Это продолжалось в течение всего XIX столетия, пока не перешло в наше (XX) столетие. И вот сегодня, естественно, люди повсюду пишут по поводу двухсотлетия со дня рождения Канта! В действительности же именно Кант является примером того, как мало люди, в сущности, думают. Ведь то, что я сейчас рассказал вам, является точным изображением учения Канта. Однако то, что люди говорят: Кант был величайшим философом, Канту вообще нечего возразить и так далее, является примером, с очевидностью обнаруживающим то, что именно на Канта всегда могут опираться противники духовной науки. (Одним из таких противников во второй половине жизни стал широко известный русскоязычный антропософ и оккультист Валентин Томберг (1900—1973): не отрицая антропософии как таковой, он утверждал, что она не является духовной наукой, так как, по Томбергу, духовная наука именно как наука, в принципе невозможна, а духовные вопросы являются исключительно объектом веры. Как может видеть читатель, данная мысль не нова и является простым повторением основного положения Канта, а стало быть, критика, высказываемая Р. Штайнером в адрес Канта, в равной мере могла бы быть отнесена и к Валентину Томбергу(50), который не сумел преодолеть столь типичного для его времени заблуждения См. письмо Томберга от 9 марта 1970 г. в книге Sergej Prokofieff «Die Beziehung des spдteren Tomberg zu Rudolf Steiner und zur Antroposophie» Dornach, 2003 — прим. перев). Просто потому, что они могут сказать: да ведь мы же берем за исходное не религию, мы берем за исходное наиболее просвещенного из философов! Но ведь это действительно так, что на Канта с равным успехом мог бы ссылаться как в высшей степени проникнутый догматизмом религиозный учитель, так и какой-нибудь (в светском смысле) просвещенный человек.

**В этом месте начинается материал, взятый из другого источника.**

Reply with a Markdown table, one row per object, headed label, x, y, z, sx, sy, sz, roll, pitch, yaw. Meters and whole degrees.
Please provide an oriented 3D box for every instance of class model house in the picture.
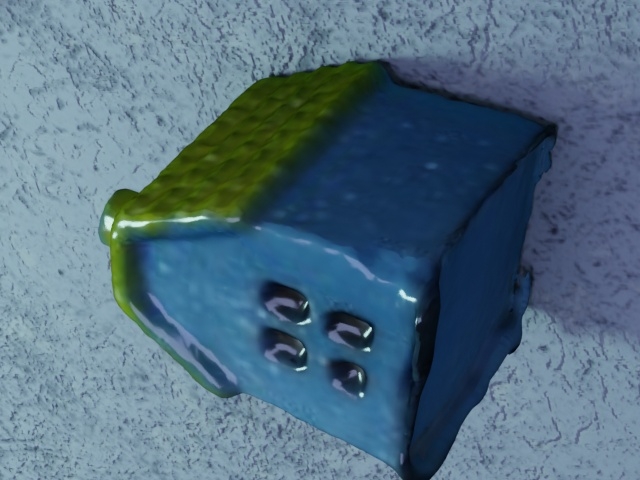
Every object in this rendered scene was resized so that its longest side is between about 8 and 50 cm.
| label | x | y | z | sx | sy | sz | roll | pitch | yaw |
| --- | --- | --- | --- | --- | --- | --- | --- | --- | --- |
| model house | 0.000 | 0.000 | 1.391 | 0.303 | 0.237 | 0.215 | 24 | 133 | 16 |
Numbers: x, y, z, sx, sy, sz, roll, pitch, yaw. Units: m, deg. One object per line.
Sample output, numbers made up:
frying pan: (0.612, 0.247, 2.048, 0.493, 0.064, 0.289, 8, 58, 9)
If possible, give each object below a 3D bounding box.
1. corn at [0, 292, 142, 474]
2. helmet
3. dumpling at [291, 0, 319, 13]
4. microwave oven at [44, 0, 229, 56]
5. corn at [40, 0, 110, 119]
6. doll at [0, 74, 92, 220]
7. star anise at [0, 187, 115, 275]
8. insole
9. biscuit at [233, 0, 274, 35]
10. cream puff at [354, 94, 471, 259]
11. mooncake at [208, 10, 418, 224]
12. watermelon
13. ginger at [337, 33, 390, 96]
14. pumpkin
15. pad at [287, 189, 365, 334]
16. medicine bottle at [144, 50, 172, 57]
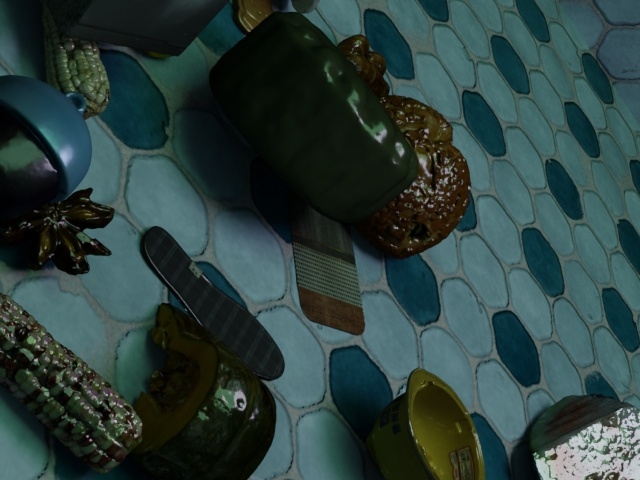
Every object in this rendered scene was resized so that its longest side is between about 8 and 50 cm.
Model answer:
corn: (-0.326, 0.168, 1.406, 0.280, 0.092, 0.092, 46, 36, -16)
helmet: (0.149, 0.330, 1.884, 0.257, 0.140, 0.205, 45, 36, -35)
dumpling: (-0.069, -0.539, 2.184, 0.227, 0.175, 0.243, 64, 23, -57)
microwave oven: (-0.272, -0.537, 1.661, 0.236, 0.374, 0.432, 0, 53, -55)
corn: (-0.349, -0.269, 1.672, 0.087, 0.087, 0.210, 16, 57, -49)
doll: (-0.394, -0.090, 1.405, 0.177, 0.141, 0.314, 43, 56, 4)
star anise: (-0.345, -0.050, 1.534, 0.177, 0.073, 0.234, 26, 50, -23)
insole: (-0.156, 0.098, 1.747, 0.309, 0.012, 0.110, 51, 36, -19)
biscuit: (-0.113, -0.418, 2.154, 0.118, 0.023, 0.140, 26, 47, -42)
cream puff: (0.157, -0.130, 2.153, 0.303, 0.212, 0.303, 32, 41, -33)
mooncake: (-0.001, -0.196, 1.894, 0.356, 0.194, 0.356, 46, 10, -10)
watermelon: (0.556, 0.414, 2.275, 0.387, 0.258, 0.228, -19, 86, -60)
ginger: (0.078, -0.345, 2.324, 0.162, 0.073, 0.103, 28, 60, -50)
pumpkin: (-0.177, 0.222, 1.569, 0.139, 0.190, 0.280, 41, -4, -30)
pad: (-0.022, 0.007, 1.952, 0.323, 0.055, 0.250, 42, 35, -58)
medicine bottle: (-0.285, -0.417, 1.878, 0.095, 0.064, 0.260, -2, 70, -56)

Затем Кант написал другие труды, один из них примерно такого содержания: есть ли у метафизики возможности стать в будущем наукой?(50а) — где он снова доказывает, что это невозможно, и так далее. В сущности, надо сказать: вся наука XIX в. переболела Кантом; Кант был, в сущности, болезнью для науки.
Если вы будете рассматривать Канта как пример того, насколько вздорные формы может порой принимать духовное развитие, то вы будете правильно рассматривать его. Но тогда вы скажете себе: в познании надо действительно быть настороже, ибо этот мир устрашающе сильно расположен к тому, чтобы именно в познании производить величайшую бессмыслицу. Вы можете представить себе, в каком затруднительном положении оказывается человек, будучи представителем духовной науки; не только представители религии, но и другие люди, даже сами философы и те, кто, в свою очередь, увлечены этими философами, — все настроены против него. Любой филистер приходит и говорит: да, ты тут что-то утверждаешь о духовной науке, но ведь Кант доказал, так говорят они, что об этом знать невозможно! Это, в сущности, наилучшее групповое возражение, которое можно сделать. Кто-нибудь может сказать: я вообще не желаю слышать о том, что говорит этот Штайнер, потому что Кант уже доказал, что обо всем этом знать невозможно.